**Aim of the task:** The records that follow should be copied in full, exactly as they read.
___ Dataset entries
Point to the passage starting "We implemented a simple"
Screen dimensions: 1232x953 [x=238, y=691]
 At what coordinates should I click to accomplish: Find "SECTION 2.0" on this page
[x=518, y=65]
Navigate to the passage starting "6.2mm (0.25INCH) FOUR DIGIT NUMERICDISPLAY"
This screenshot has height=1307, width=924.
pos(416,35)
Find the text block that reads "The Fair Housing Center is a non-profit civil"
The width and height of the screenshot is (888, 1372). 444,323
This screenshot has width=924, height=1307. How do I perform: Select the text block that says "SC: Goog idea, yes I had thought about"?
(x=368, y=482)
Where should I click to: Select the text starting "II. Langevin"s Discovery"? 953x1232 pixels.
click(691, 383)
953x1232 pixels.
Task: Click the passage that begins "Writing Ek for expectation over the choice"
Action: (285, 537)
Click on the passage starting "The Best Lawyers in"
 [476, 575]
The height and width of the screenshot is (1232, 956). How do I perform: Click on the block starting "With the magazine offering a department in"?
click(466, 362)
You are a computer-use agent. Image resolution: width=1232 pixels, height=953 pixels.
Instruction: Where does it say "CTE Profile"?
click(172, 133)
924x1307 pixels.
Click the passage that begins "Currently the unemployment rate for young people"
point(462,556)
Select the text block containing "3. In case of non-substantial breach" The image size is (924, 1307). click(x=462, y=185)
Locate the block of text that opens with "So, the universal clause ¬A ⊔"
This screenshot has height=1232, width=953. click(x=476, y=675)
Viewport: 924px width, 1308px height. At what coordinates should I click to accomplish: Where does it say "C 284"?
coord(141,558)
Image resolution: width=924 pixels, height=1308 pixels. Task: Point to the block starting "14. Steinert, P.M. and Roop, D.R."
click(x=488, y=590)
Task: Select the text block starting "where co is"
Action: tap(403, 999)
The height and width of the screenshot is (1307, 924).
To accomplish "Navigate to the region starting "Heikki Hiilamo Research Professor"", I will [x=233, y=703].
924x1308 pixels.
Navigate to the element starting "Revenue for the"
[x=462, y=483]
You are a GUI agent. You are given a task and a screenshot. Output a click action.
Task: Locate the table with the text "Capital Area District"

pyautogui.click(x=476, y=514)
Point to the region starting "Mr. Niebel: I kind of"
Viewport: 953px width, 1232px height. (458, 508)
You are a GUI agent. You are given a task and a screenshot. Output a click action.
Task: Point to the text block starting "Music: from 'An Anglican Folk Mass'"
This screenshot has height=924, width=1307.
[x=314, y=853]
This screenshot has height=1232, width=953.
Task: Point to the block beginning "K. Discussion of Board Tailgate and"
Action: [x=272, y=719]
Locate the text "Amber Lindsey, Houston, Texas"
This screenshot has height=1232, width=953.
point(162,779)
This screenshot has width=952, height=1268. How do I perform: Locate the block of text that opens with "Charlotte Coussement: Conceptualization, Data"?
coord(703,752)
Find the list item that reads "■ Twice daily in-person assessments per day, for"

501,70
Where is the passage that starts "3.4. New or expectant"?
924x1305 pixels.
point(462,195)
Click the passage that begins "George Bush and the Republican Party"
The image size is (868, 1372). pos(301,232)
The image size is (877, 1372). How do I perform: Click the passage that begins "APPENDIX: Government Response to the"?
______
**Response area:**
Point to the passage starting "We implemented a simple"
Screen dimensions: 1232x953 [x=238, y=691]
 At what coordinates should I click to accomplish: Find "SECTION 2.0" on this page
[x=518, y=65]
Navigate to the passage starting "6.2mm (0.25INCH) FOUR DIGIT NUMERICDISPLAY"
This screenshot has height=1307, width=924.
pos(416,35)
Find the text block that reads "The Fair Housing Center is a non-profit civil"
The width and height of the screenshot is (888, 1372). 444,323
This screenshot has width=924, height=1307. How do I perform: Select the text block that says "SC: Goog idea, yes I had thought about"?
(x=368, y=482)
Where should I click to: Select the text starting "II. Langevin"s Discovery"? 953x1232 pixels.
click(691, 383)
953x1232 pixels.
Task: Click the passage that begins "Writing Ek for expectation over the choice"
Action: (285, 537)
Click on the passage starting "The Best Lawyers in"
 [476, 575]
The height and width of the screenshot is (1232, 956). How do I perform: Click on the block starting "With the magazine offering a department in"?
click(466, 362)
You are a computer-use agent. Image resolution: width=1232 pixels, height=953 pixels.
Instruction: Where does it say "CTE Profile"?
click(172, 133)
924x1307 pixels.
Click the passage that begins "Currently the unemployment rate for young people"
point(462,556)
Select the text block containing "3. In case of non-substantial breach" The image size is (924, 1307). click(x=462, y=185)
Locate the block of text that opens with "So, the universal clause ¬A ⊔"
This screenshot has height=1232, width=953. click(x=476, y=675)
Viewport: 924px width, 1308px height. At what coordinates should I click to accomplish: Where does it say "C 284"?
coord(141,558)
Image resolution: width=924 pixels, height=1308 pixels. Task: Point to the block starting "14. Steinert, P.M. and Roop, D.R."
click(x=488, y=590)
Task: Select the text block starting "where co is"
Action: tap(403, 999)
The height and width of the screenshot is (1307, 924).
To accomplish "Navigate to the region starting "Heikki Hiilamo Research Professor"", I will [x=233, y=703].
924x1308 pixels.
Navigate to the element starting "Revenue for the"
[x=462, y=483]
You are a GUI agent. You are given a task and a screenshot. Output a click action.
Task: Locate the table with the text "Capital Area District"

pyautogui.click(x=476, y=514)
Point to the region starting "Mr. Niebel: I kind of"
Viewport: 953px width, 1232px height. (458, 508)
You are a GUI agent. You are given a task and a screenshot. Output a click action.
Task: Point to the text block starting "Music: from 'An Anglican Folk Mass'"
This screenshot has height=924, width=1307.
[x=314, y=853]
This screenshot has height=1232, width=953.
Task: Point to the block beginning "K. Discussion of Board Tailgate and"
Action: [x=272, y=719]
Locate the text "Amber Lindsey, Houston, Texas"
This screenshot has height=1232, width=953.
point(162,779)
This screenshot has width=952, height=1268. How do I perform: Locate the block of text that opens with "Charlotte Coussement: Conceptualization, Data"?
coord(703,752)
Find the list item that reads "■ Twice daily in-person assessments per day, for"

501,70
Where is the passage that starts "3.4. New or expectant"?
924x1305 pixels.
point(462,195)
Click the passage that begins "George Bush and the Republican Party"
The image size is (868, 1372). pos(301,232)
The image size is (877, 1372). How do I perform: Click the passage that begins "APPENDIX: Government Response to the"?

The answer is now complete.